:: Supplied data ::

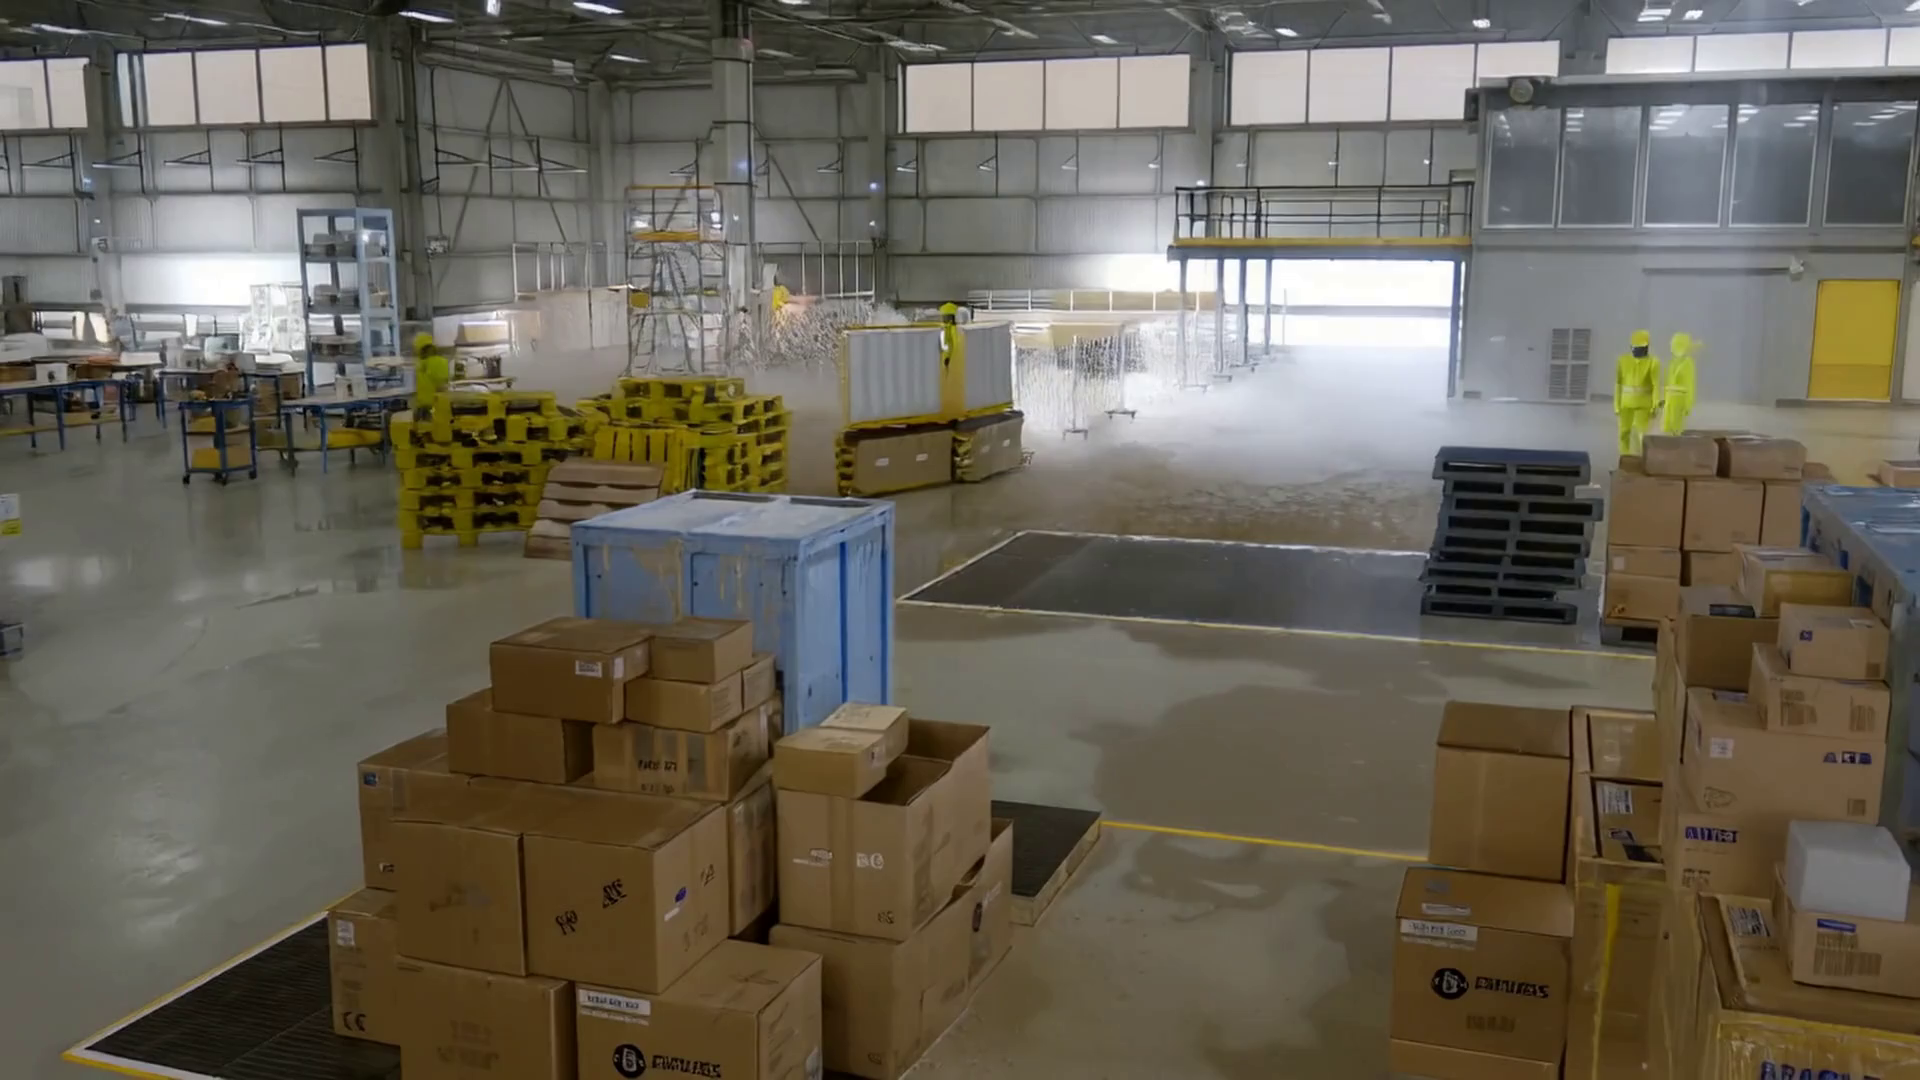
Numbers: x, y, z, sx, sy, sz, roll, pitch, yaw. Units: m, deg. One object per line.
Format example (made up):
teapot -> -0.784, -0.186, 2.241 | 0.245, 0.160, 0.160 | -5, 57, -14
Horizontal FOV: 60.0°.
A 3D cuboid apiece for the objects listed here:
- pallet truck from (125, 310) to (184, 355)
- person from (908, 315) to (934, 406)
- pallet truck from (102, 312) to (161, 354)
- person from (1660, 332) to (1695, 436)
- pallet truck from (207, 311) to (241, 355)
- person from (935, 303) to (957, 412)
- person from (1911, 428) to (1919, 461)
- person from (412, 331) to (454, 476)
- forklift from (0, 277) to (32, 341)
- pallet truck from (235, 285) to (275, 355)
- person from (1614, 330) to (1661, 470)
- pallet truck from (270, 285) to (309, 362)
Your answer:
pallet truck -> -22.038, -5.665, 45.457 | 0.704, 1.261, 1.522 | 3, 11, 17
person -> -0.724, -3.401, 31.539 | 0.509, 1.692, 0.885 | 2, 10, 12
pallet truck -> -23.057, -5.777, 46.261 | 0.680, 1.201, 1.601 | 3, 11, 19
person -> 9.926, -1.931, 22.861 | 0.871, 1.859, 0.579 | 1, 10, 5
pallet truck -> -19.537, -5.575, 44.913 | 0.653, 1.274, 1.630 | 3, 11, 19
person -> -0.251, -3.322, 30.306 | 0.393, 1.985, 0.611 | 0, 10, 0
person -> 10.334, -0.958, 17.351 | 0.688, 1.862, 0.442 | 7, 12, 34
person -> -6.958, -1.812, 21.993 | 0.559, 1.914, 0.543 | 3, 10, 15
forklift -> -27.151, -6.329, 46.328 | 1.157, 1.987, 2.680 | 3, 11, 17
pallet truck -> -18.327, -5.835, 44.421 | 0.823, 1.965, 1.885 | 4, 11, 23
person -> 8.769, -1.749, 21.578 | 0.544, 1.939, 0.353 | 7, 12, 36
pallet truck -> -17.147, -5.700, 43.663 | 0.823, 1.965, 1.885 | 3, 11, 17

:::

▸ What you have to do
Output, from the data above, the lines from the line with "- person from (1614, 330) to (1661, 470)" to the line with "- pallet truck from (270, 285) to (309, 362)" exactly as they stand, both ends included and nothing else.

▸ Output below
- person from (1614, 330) to (1661, 470)
- pallet truck from (270, 285) to (309, 362)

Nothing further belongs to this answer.